2024年05月29日 19時30分00秒 | 展覧会の紹介-絵画、版画、イラスト
 遠藤彰子展の初日、大勢の人が会場に訪れていた中で、山内透さんから個展の案内状を手渡されました。
 個人的な話をすると、実は肌にボツボツができていたり、小さなへこみや穴が無数にあいていたりするのが、非常に苦手です。高所恐怖症や尖端恐怖症のようなもので、ボツボツへの嫌悪感が物心ついたときから強いのです。「フォビア」と言っても良いでしょう。
 したがって、自分にとっては山内さんの絵というのは、こういう言い方はたいへん申し訳ないのですが、不快以外の何者でもありません。

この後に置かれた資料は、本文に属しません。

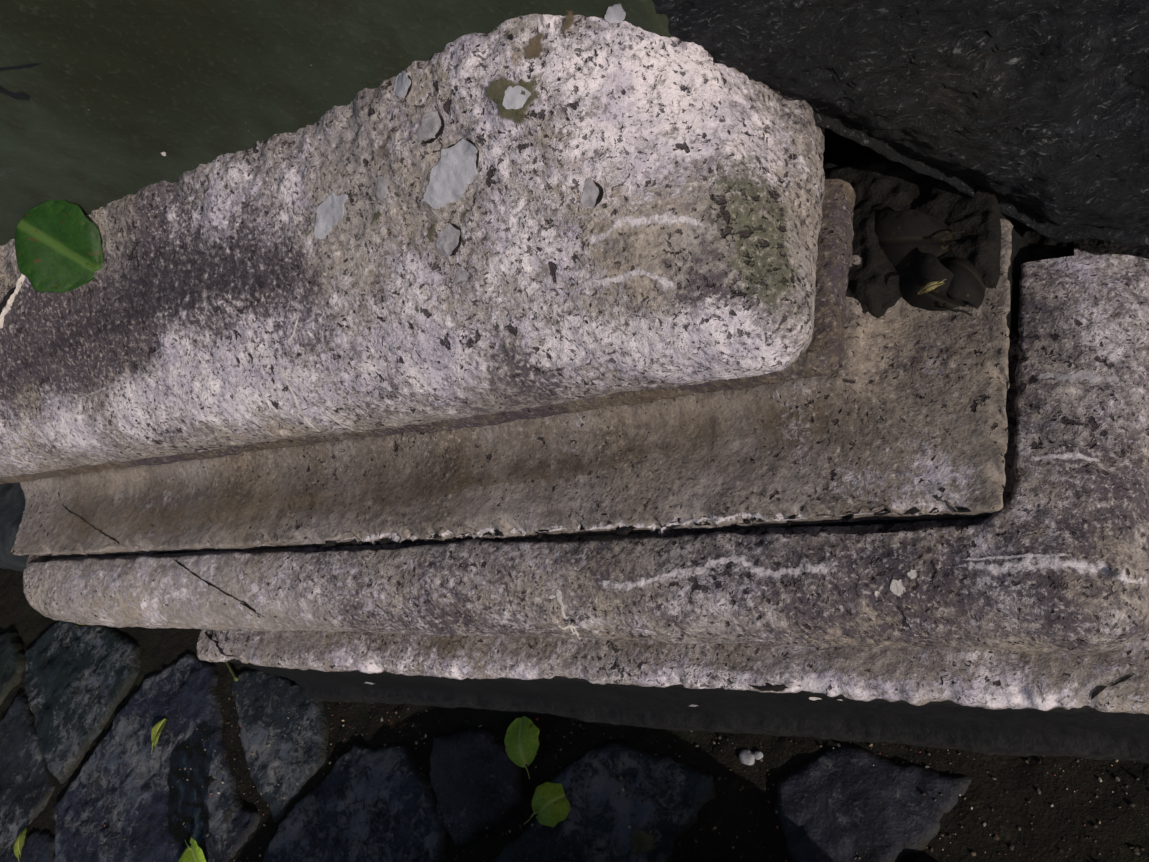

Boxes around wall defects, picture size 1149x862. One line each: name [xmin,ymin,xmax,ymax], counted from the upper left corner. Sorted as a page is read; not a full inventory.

spalling [524,33,544,59]
peeling [394,70,412,99]
peeling [502,86,531,109]
peeling [413,111,479,209]
peeling [580,179,604,208]
peeling [314,193,348,239]
peeling [436,223,462,258]
crack [0,274,26,329]
crack [63,505,127,550]
crack [173,559,266,618]
damp [599,555,837,591]
damp [959,553,1147,584]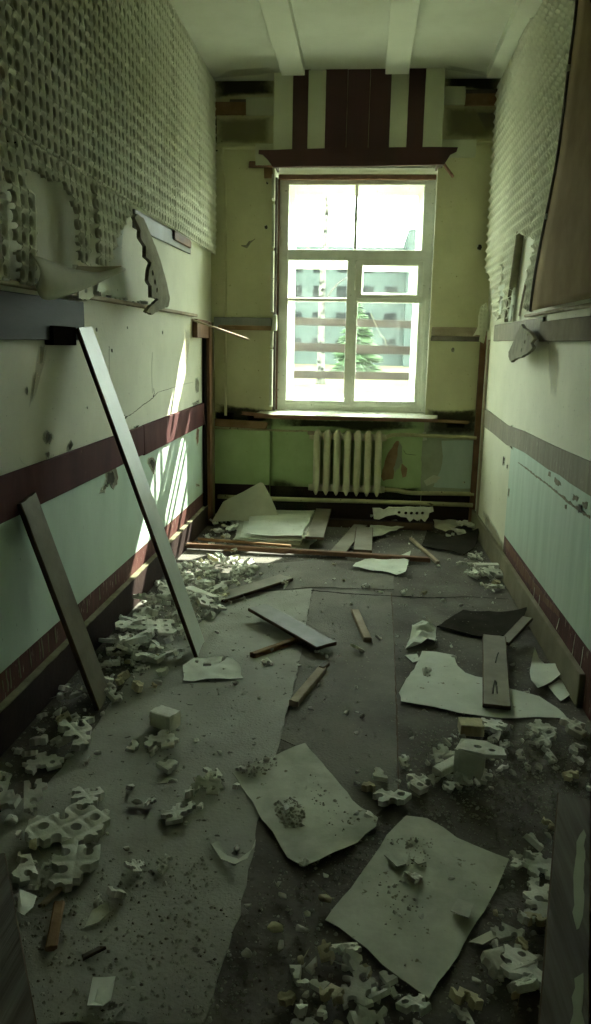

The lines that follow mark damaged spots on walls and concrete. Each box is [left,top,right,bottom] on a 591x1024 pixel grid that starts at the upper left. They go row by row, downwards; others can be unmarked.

peeling [381,441,407,488]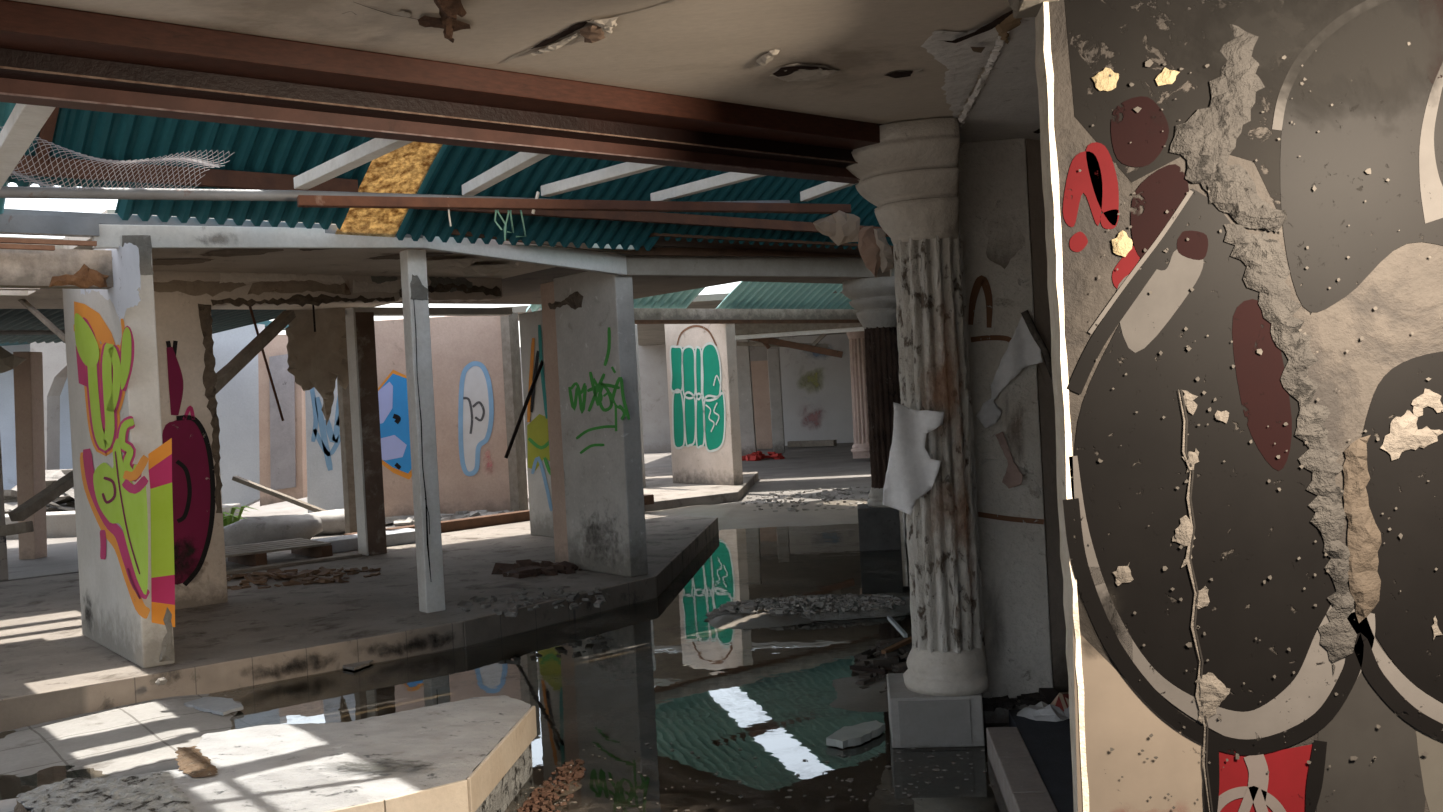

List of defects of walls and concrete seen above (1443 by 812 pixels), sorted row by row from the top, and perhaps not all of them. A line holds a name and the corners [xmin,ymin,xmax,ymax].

peeling [1348,377,1443,460]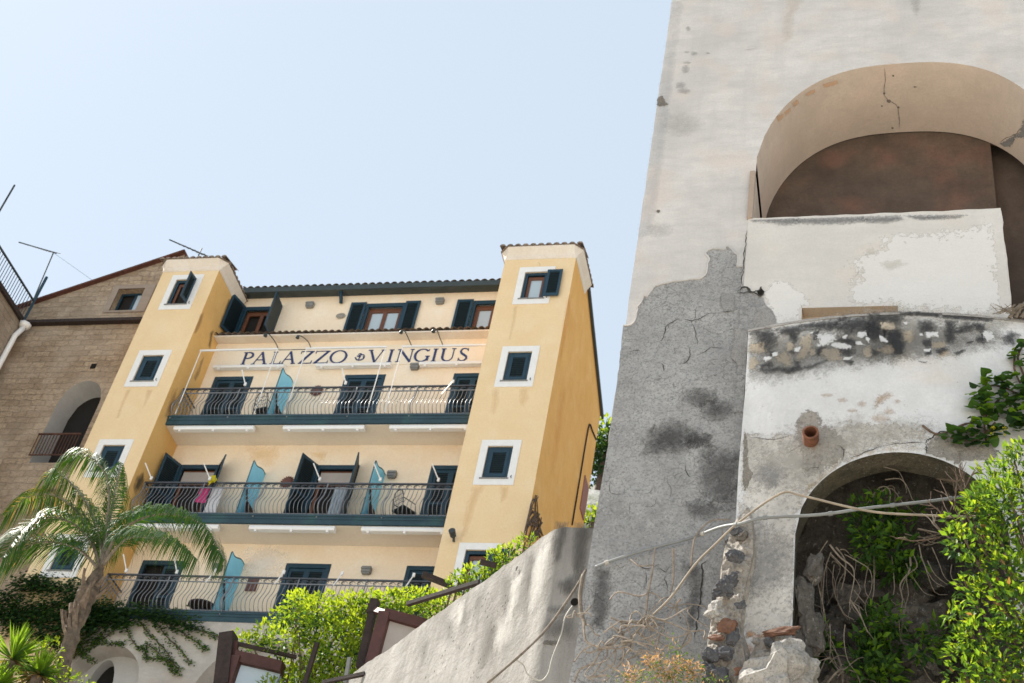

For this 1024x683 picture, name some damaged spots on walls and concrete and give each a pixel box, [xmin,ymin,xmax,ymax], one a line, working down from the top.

 でもちょっと考えると、これって逆にすごいことではないでしょうか。
 人に不快感を与える絵や図像というのは、手短に言うとほとんどが「血」と「性」に関係しているといえそうです。人や動物を傷つけ血を流させる残酷な図像や、露骨に性欲をかきたてる図像です。これに、人物を侮辱する種類のものを加えてもいいかもしれません。

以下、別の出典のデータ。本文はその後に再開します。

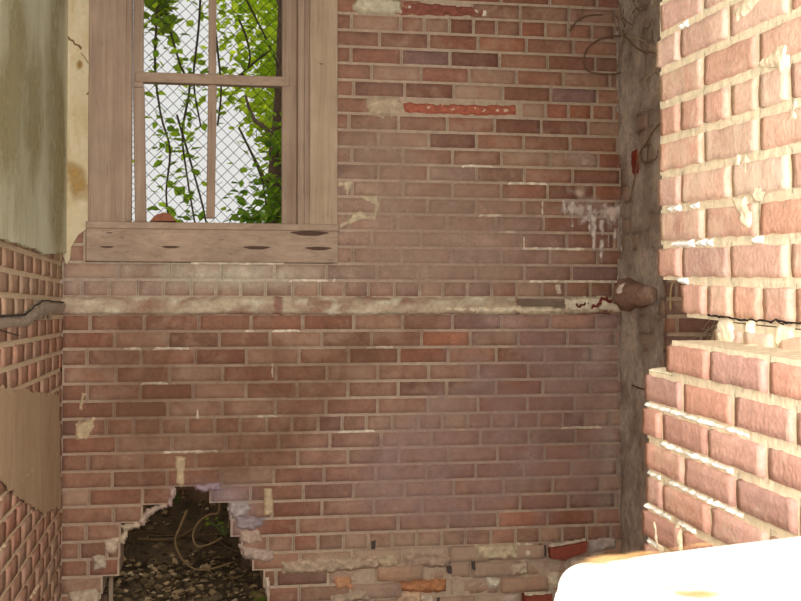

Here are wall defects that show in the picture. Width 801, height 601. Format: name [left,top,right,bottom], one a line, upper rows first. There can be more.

peeling [0,0,68,255]
water stain [562,189,622,281]
crack [707,314,801,325]
spalling [194,482,221,492]
spalling [68,589,101,601]
spalling [92,487,176,571]
spalling [227,501,274,562]
spalling [281,540,452,601]
spalling [486,577,500,589]
spalling [471,542,546,577]
spalling [547,572,561,588]
spalling [587,537,617,553]

 山内さんの絵は、そのいずれにもまったくあてはまりません。
 それでいて、見る人を気持ち悪くさせるのです。

 いささか言い過ぎました。
 実は山内さんの絵は、高く評価されています。
 多摩美大を卒業する際は「福沢一郎賞」を受賞しました。
 さらに、シェル美術賞や二紀展、昭和会展でも受賞を果たしています。
 俗に言う「日の丸構図」。真っ正面を向いた顔だけというモチーフ(肩から下はほとんど描かれない)。動感のまったくなく変化に乏しいモチーフ…。
 絵を習う人たちが「してはいけません」と先生から言われそうなことを、ことごとく実行しています。

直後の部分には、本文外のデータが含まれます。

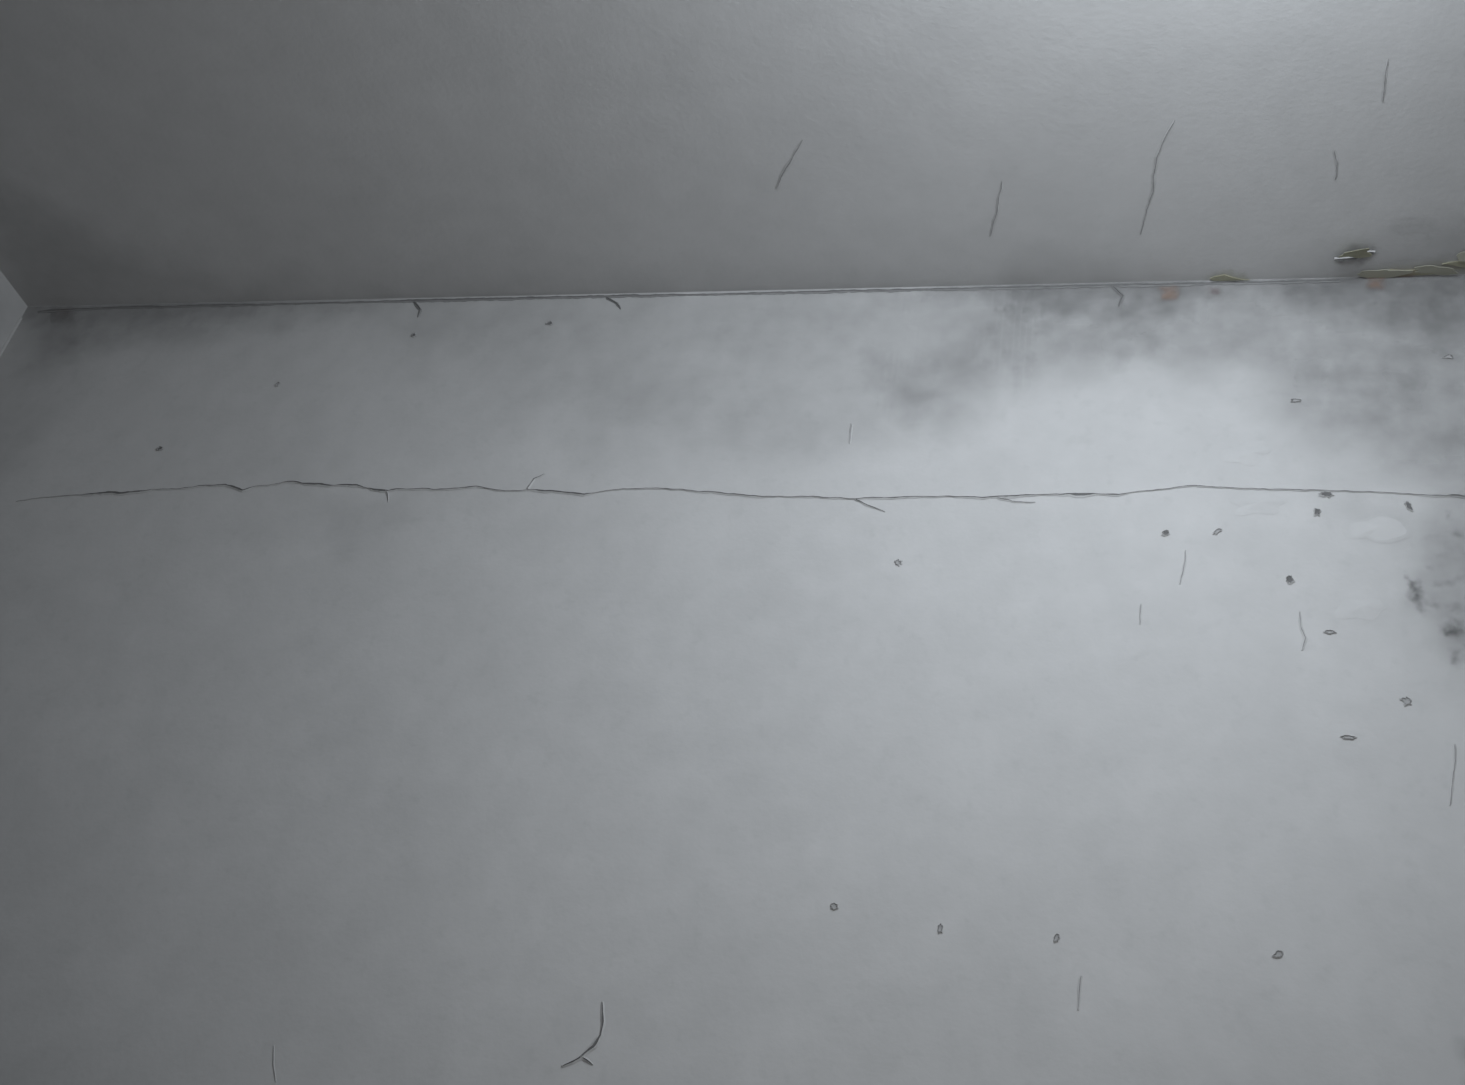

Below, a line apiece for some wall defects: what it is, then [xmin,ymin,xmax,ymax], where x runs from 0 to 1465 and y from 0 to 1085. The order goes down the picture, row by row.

crack [1140,120,1175,235]
peeling [1210,274,1250,282]
peeling [1334,248,1465,278]
crack [16,473,1465,512]
crack [1178,550,1186,585]
crack [1298,612,1308,650]
crack [561,1002,606,1068]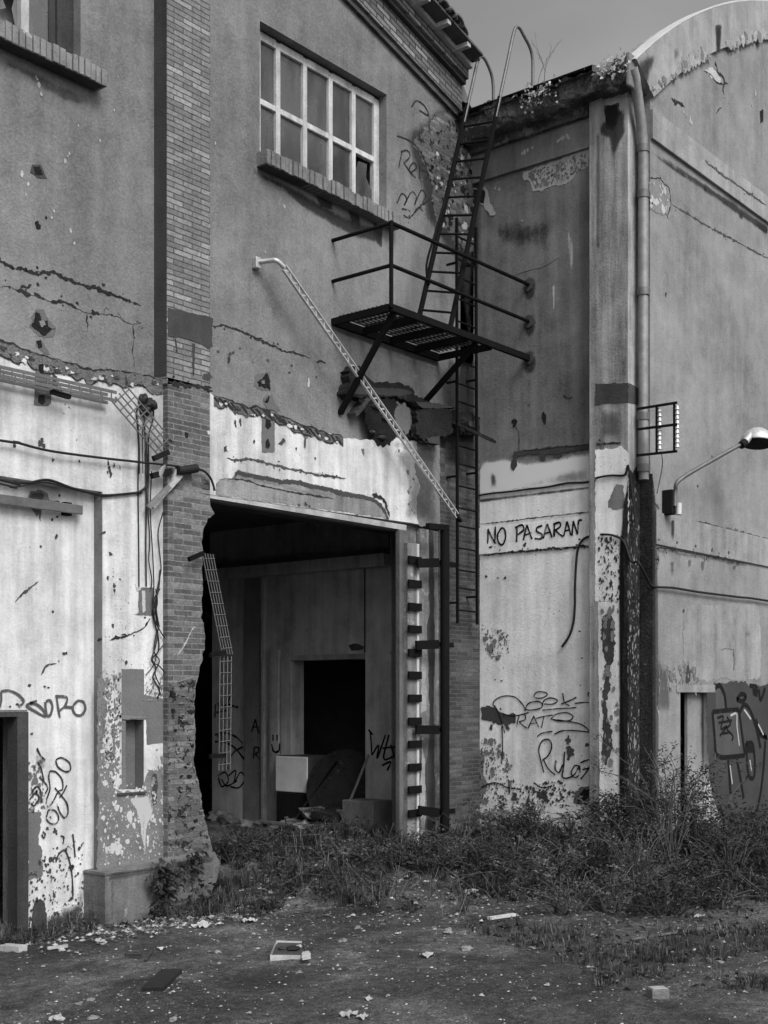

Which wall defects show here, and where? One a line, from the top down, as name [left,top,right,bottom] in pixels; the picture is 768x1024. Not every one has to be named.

 各展覧会で審査する側は言葉に詰まったのではないでしょうか。
 にもかかわらず、これらの作品が、単なる初心者の失敗作と一線を画しているのは一目瞭然です。つまり、ちゃんと「絵になっている」と感じられるのです。
 それがなぜかを言語化して説明するのは非常に難しい。
 単に「ほかの絵とは異なっているから」という理由だけではないはずです(異なっているのも評価の一因だとは思いますが)。
 「自分の劣等感ときちっと向き合っている」ともいえそうですが、それだけでもなさそうですし、だいたい「ひげが濃い」とかは、筆者にはそれほど深刻に悩む事情でもないように感じます。
 また、写真のように精緻に描き込む人物画や、マニエリスティックにさまざまなモティーフを盛り込んで他の絵との差異化を図る絵画があふれている現状では、単純極まりない、しかし抽象画でもない、髪の短い男が正面を向いた自画像が、それらに対して見事なアンチテーゼになっているのも確かでしょう。「うまい絵」「細かい絵」が並ぶ展覧会の会場では目立つことは請け合いです。
 しかし、山内さんの絵を説明する決め手になるかといえば、どうもそうではなさそうです。

 山内さんは多摩美大で大学院を修了しています。
 油絵の技法については習得しているでしょうから、例えば一見平坦に塗りつぶしているように見える背景も、下地をきちっと塗るなど、絵画として見せる技は仕込んであるはずです。
 いったい、どこが絵のキモなのか。魅力の焦点になっているのだろうか。
 じっと見つめて解き明かしたいところですが、自分には山内さんの絵に見入ることはできません。
 冒頭で述べたように、生理的に耐えがたいほど気持ち悪いのです。
 ごめんなさい。

 筆者にとって山内さんの絵は、永遠の謎として残されそうです。